In the meantime, individual users’ attempts at increasing their security are being thwarted in a number of ways. Even though most security experts urge home PC users to run an inexpensive personal firewall, the major high-speed Internet service providers discourage firewall use, citing configuration problems. This is rather like shooting yourself in the foot, because unprotected consumer PCs have formed the basis for the recent Code Red and Nimda attacks. Both worms take over unprotected Windows PCs, turning them into zombies. The zombies further spread the infection and can band together to launch Denial of Service (DoS) attacks. The result? ISPs’ networks are swamped, and legitimate users are prevented from using the Internet.

So what can a citizen do? More and more articles are being written saying we should all just bend over and take it. We have no privacy. The monopoly operating systems are all buggy, but if people would just stop pointing that out, everything would be OK. Law enforcement doesn’t really need a reason to investigate us anymore, but, heck, you’re not a criminal are you? And the government tribunals will only execute foreigners, so what’s the worry?

In the next SNS, I’ll present a really good reason for businesses in particular to be worried about the war on cyberterrorism. Seems we’ve signed a little treaty that makes businesses responsible for the hacking of their employees.


Briefly Noted

  • Shameless Self-Promotion Dept.: Next week, StratVantage is debuting a new service, CTOMentor™, designed to allow Chief Technology Officers and other technical leaders to sweep the newspapers, magazines, and newsletters clogging their inboxes into the trash.CTOMentor is a subscription advisory service tailored to customers’ industry and personal information needs. Four times a year CTOMentor will provide a four-hour briefing for subscribers and their staffs on the most important emerging technology trends that could affect their businesses. As part of the service, subscribers also get a weekly email newsletter containing links to the Top 10 Must Read articles needed to stay current.

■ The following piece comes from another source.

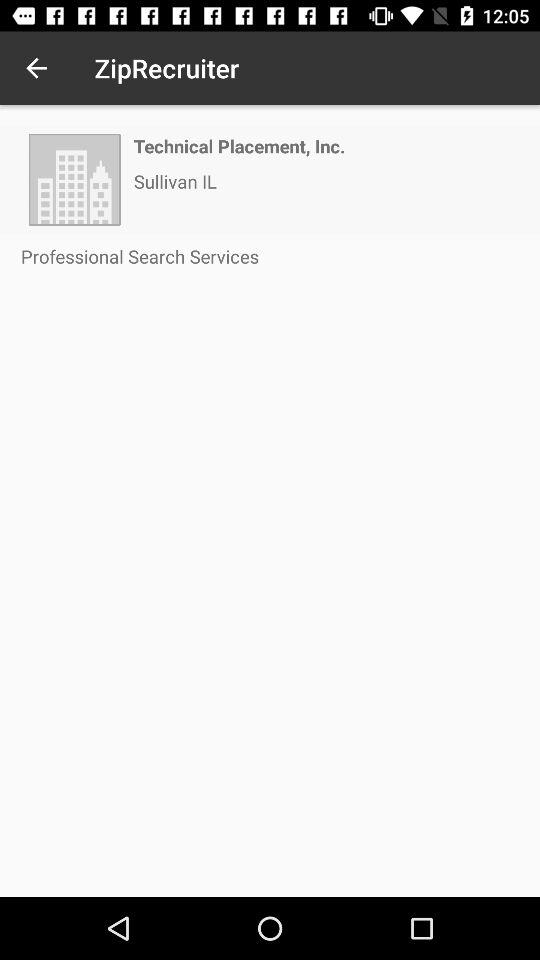What is the name of the application? The name of the application is "ZipRecruiter".

  • Don’t Believe What You See: We’ve officially crossed over into the post “I’ll believe it when I see it” era. It’s definitely been coming, what with all the digital special effects in movies these days. The most compelling evidence of this milestone is a movie sent to me by a relative (all 8 megabytes). The short movie, called 405, by Bruce Branit and Jeremy Hunt, demonstrates yet another hazard of driving in Los Angeles. You’ll need Windows Media Player, RealPlayer, or another Windows-Media-capable plug-in to view the movie. The link below takes you to the movie site. But don’t click the link to watch it if you’re not prepared to wait while 8MB downloads! After you watch the movie, contemplate the fact that the two moviemakers made it in their spare time over three months using a consumer digital camcorder, readily available digital image manipulation software, and three high end consumer PCs.
  • Sometimes the Magic Works: In a previous SNS, I reported on that bane of pundits’ existence: a bad prediction. So now I feel like I can crow about one that turned out right. In a presentation last May, I stood up in front of an audience of telecom folks and said that, despite what some analysts were saying, telecoms lacked many if not most of the characteristics necessary to become successful Application Service Providers (ASPs). This did not sit well with many attendees, despite the fact that I pointed to a couple of telecom companies that might have a chance: Qwest and Cable & Wireless.

    Well, C&W recently folded its a-Services division due to lack of demand from small- and mid-sized enterprises for hosted application services, according to C&W a-Services President Jeremy Thompson. In a great example of spinspeak, Thompson said there was “delayed interest in the marketplace.” In other words, nobody was buying. “We still believe fervently in software as a service,” he said. “It's just that we got to market too quickly,” the fact that hundreds of ASPs are making a go of it notwithstanding.